Similarly, my experience of that same Haunted House was the simple product of confusion. My visceral sensations of terror reflected my innocent belief that I was unsafe; that something awful was about to happen.

I was in confusion and my dad was in clarity.

Nothing was going wrong in either case.

Both clarity and confusion were simply experiences arising in the moment. They were equally trustworthy and equally transient.

That's how this amazing dance of life tends to work for all of us.

In one moment, we are lost in the world of thoughts, stories, and beliefs. We are mesmerized and hypnotized by labels, judgments, and concepts. We buy into the movies our minds play, and we notice our bodies tense-up in tight contractions of insecurity and fear. Everywhere we look, our insecurity is confirmed.

And in another moment, for no reason at all, we find ourselves in clarity. Suddenly, Life feels lighter, freer. The sky looks blue again and there is a sense of "all is well." The body feels a bit more relaxed and expansive. There is a glimmer of sunshine within. Possibilities we could not have imagined before are abundant now.

It's the perfect Dance: Life gracefully arising as a contraction and then, with a simple curtsy or bow, morphing into a moment of expansion. Confusion, clarity, contraction, expansion.

Perfection.

Our only suffering in this majestic Dance is that we misunderstand it. We take it personally. We revel in the moments of clarity and expansion, imagining (hoping!) they will last. And then we wrestle with the moments of confusion and contraction, trying desperately to figure out where we went wrong. Why did they "come back?"

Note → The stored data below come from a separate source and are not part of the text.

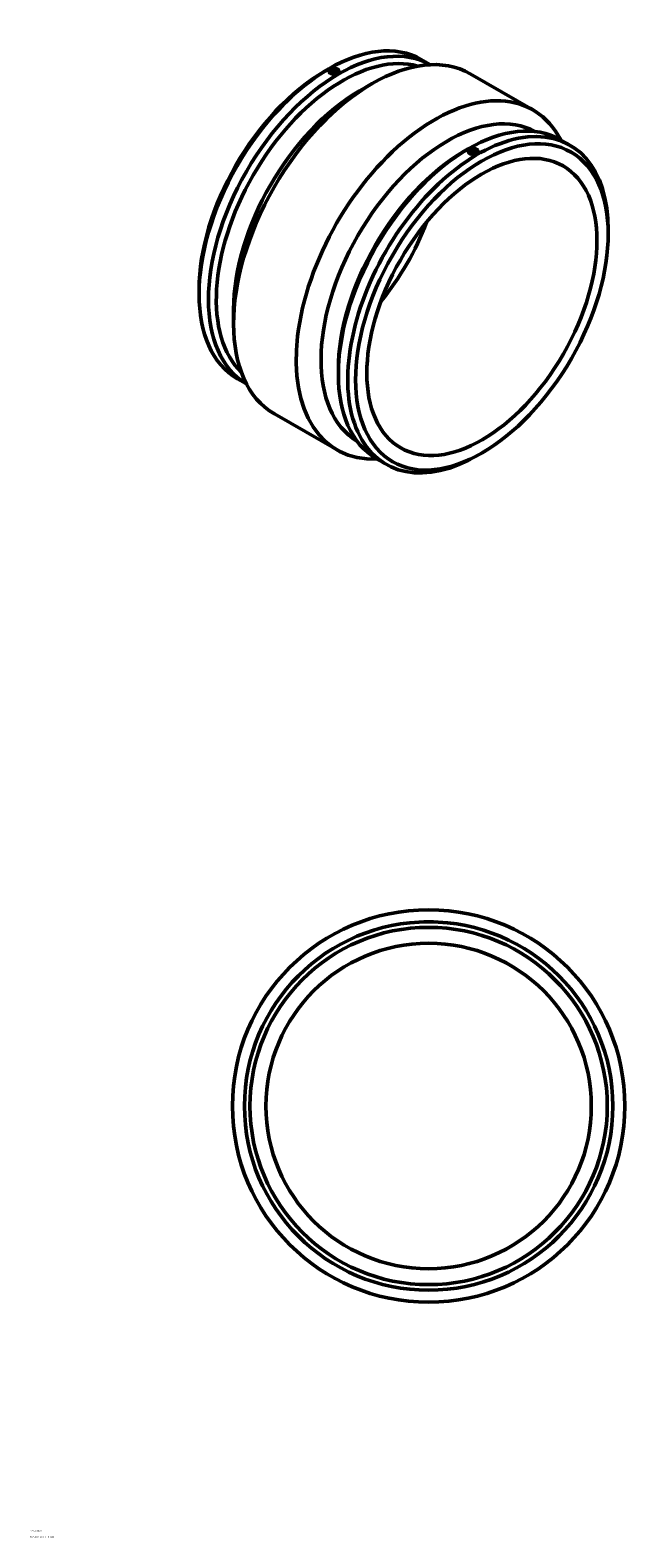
# Model space of a CAD drawing. Header units: millimetres. Extents: x -675 to 1769, y -2124 to 2400.
# Tile 5 of 5: x 855 to 1769, y 83 to 2400. Entities that reach past the tile are written whole.
import ezdxf

# ---------------------------------------------------------------- set-up
doc = ezdxf.new("R2010")
doc.units = ezdxf.units.MM
doc.layers.add('Title (ISO)', color=7, linetype='Continuous', lineweight=50)
doc.layers.add('Visible (ANSI)', color=7, linetype='Continuous', lineweight=50)
doc.styles.add('Note Text (ISO)', font='tahoma.ttf')

# ---------------------------------------------------------------- blocks, each defined once
blk = doc.blocks.new('Title Blocks ISO')
at = {"layer": 'Title (ISO)', "color": 232, "true_color": 0xca0064, "style": 'Note Text (ISO)'}
for tag, p in [('PART_NUMBER_001', (34.2, 73.1)), ('DESCRIPTION_001', (33.8, 63.4))]:
    blk.add_attdef(tag, p, '', height=2.5, dxfattribs=at)

msp = doc.modelspace()

# ---------------------------------------------------------------- linework, layer by layer
at = {"layer": 'Visible (ANSI)'}
for p, q in [((1308.114, 2337.245), (1314.094, 2340.715)), ((1456.094, 2355.04), (1470.122, 2346.962)), ((1314.588, 2337.005), (1314.588, 2336.965)), ((1320.088, 2334.366), (1320.088, 2334.553)), ((1324.088, 2334.366), (1324.088, 2334.553)), ((1329.588, 2337.005), (1329.588, 2336.965)), ((1361.154, 2306.701), (1380.165, 2317.734)), ((1531.448, 2332.995), (1627.614, 2277.616)), ((1670.065, 2231.823), (1684.504, 2223.508)), ((1522.085, 2214.027), (1528.065, 2217.498)), ((1528.558, 2213.747), (1528.558, 2213.788)), ((1534.058, 2211.335), (1534.058, 2211.149)), ((1538.058, 2211.335), (1538.058, 2211.149)), ((1543.558, 2213.747), (1543.558, 2213.788)), ((1743.389, 2086.587), (1743.389, 2093.501)), ((1114.757, 2001.475), (1114.757, 1994.561)), ((1167.797, 1970.931), (1167.797, 1948.951)), ((1328.727, 1878.257), (1328.727, 1871.343)), ((1173.642, 1864.554), (1187.67, 1856.476)), ((1230.531, 1810.445), (1326.698, 1755.067)), ((1387.613, 1741.336), (1402.052, 1733.021)), ((1550.032, 1750.817), (1544.052, 1747.346)), ((1459.964, 1029.927), (1467.464, 1029.927)), ((1459.964, 1029.927), (1459.964, 1029.828)), ((1467.464, 1029.927), (1474.964, 1029.927)), ((1474.964, 1029.927), (1474.964, 1029.828))]:
    msp.add_line(p, q, dxfattribs=at)
for radius in [301.5, 283, 274.51, 250]:
    msp.add_circle((1467.464, 746.927), radius, dxfattribs=at)
for centre, major_axis, ratio, start_param, end_param in [((1314.868, 2109.797), (141.226, 245.243), 0.57809312, 0, 3.14159265), ((1329.307, 2101.482), (141.226, 245.243), 0.57809312, 0.00291335, 3.13867931), ((1335.311, 2098.025), (136.989, 237.886), 0.57809312, 0.14497865, 2.99661401), ((1380.99, 2071.72), (150.458, 261.275), 0.57809312, 0, 3.14159265), ((1322.088, 2337.005), (-7.5, 0), 0.5758617, 5.49778714, 8.6393798), ((1322.088, 2337.005), (7.5, 0), 0.5758617, 5.49778714, 8.6393798), ((1308.865, 2113.254), (-136.989, -237.886), 0.57809312, 3.92892453, 5.49585344), ((1322.088, 2334.553), (-2, 0), 0.5758617, 2.97290348, 6.45187448), ((1361.905, 2082.71), (-136.989, -237.886), 0.57809312, 3.92892453, 5.49585344), ((1477.156, 2016.341), (150.458, 261.275), 0.57809312, 5.93105508, 9.77690819), ((1496.241, 2005.351), (136.989, 237.886), 0.57809312, 0.01397448, 3.12761818), ((1528.839, 1986.58), (141.226, 245.243), 0.57809312, 0, 3.14159265), ((1543.278, 1978.265), (141.226, 245.243), 0.57809312, 5.49585344, 10.21210983), ((1522.835, 1990.037), (-136.989, -237.886), 0.57809312, 3.92892453, 5.49585344), ((1536.058, 2213.788), (-7.5, 0), 0.5758617, 5.49778714, 8.6393798), ((1536.058, 2213.788), (7.5, 0), 0.5758617, 5.49778714, 8.6393798), ((1536.058, 2211.335), (-2, 0), 0.5758617, 2.97290348, 6.45187448), ((1308.865, 2113.254), (124.758, 216.646), 0.57809312, 4.42792073, 4.99685723)]:
    msp.add_ellipse(centre, major_axis=major_axis, ratio=ratio, start_param=start_param, end_param=end_param, dxfattribs=at)
for centre, major_axis, ratio in [((1322.088, 2337.005), (-5, 0), 0.5758617), ((1549.281, 1974.807), (-136.989, -237.886), 0.57809312), ((1549.281, 1974.807), (-124.758, -216.646), 0.57809312), ((1536.058, 2213.788), (-5, 0), 0.5758617)]:
    msp.add_ellipse(centre, major_axis=major_axis, ratio=ratio, dxfattribs=at)
for points, knots in [([(1327.391, 2333.951), (1326.725, 2333.568), (1325.882, 2333.231), (1324.034, 2332.775), (1323.029, 2332.656), (1321.146, 2332.636), (1320.142, 2332.733), (1318.294, 2333.158), (1317.45, 2333.487), (1316.118, 2334.254), (1315.541, 2334.743), (1314.776, 2335.823), (1314.588, 2336.412), (1314.588, 2336.965)], [1.13011683, 1.13011683, 1.13011683, 1.13011683, 1.41264603, 1.41264603, 1.69517524, 1.69517524, 1.97770445, 1.97770445, 2.26023366, 2.26023366, 2.54276287, 2.54276287, 2.82529208, 2.82529208, 2.82529208, 2.82529208]), ([(1329.588, 2336.965), (1329.588, 2336.433), (1329.399, 2335.865), (1328.634, 2334.816), (1328.057, 2334.335), (1327.391, 2333.951)], [0.565058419, 0.565058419, 0.565058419, 0.565058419, 0.847587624, 0.847587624, 1.130116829, 1.130116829, 1.130116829, 1.130116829]), ([(1541.361, 2210.734), (1540.696, 2210.35), (1539.852, 2210.014), (1538.004, 2209.558), (1537, 2209.438), (1535.116, 2209.418), (1534.112, 2209.516), (1532.264, 2209.941), (1531.421, 2210.269), (1530.755, 2210.653), (1530.089, 2211.036), (1529.512, 2211.526), (1528.746, 2212.605), (1528.558, 2213.195), (1528.558, 2213.747)], [-1.13011683, -1.13011683, -1.13011683, -1.13011683, -0.84758762, -0.84758762, -0.56505842, -0.56505842, -0.28252921, -0.28252921, 0, 0, 0, 0.28252921, 0.28252921, 0.56505842, 0.56505842, 0.56505842, 0.56505842]), ([(1543.558, 2213.747), (1543.558, 2213.215), (1543.37, 2212.648), (1542.605, 2211.599), (1542.027, 2211.117), (1541.361, 2210.734)], [2.825292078, 2.825292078, 2.825292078, 2.825292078, 3.107821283, 3.107821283, 3.390350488, 3.390350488, 3.390350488, 3.390350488])]:
    msp.add_open_spline(points, degree=3, knots=knots, dxfattribs=at)

# ---------------------------------------------------------------- block references
msp.add_blockref('Title Blocks ISO', (821, 20)).add_auto_attribs({'PART_NUMBER_001': '490103500', 'DESCRIPTION_001': 'PLASSON COUPLER 500'})

doc.saveas('drawing.dxf')

We humans have innocently learned to expect that somehow, once we experience clarity and expansion, we will never fall back into confusion and contraction.

We hope and pray that, this time, the clarity and expansion will somehow "stick." We try to reverse-engineer its arrival. Was it something we read? Was it a podcast, a song, a particular food? Was it the good night's rest or the walk on the beach?

And why wouldn't we do this? The experience of clarity feels so good. We feel closer to the truth of who we really are. Life seems so much freer.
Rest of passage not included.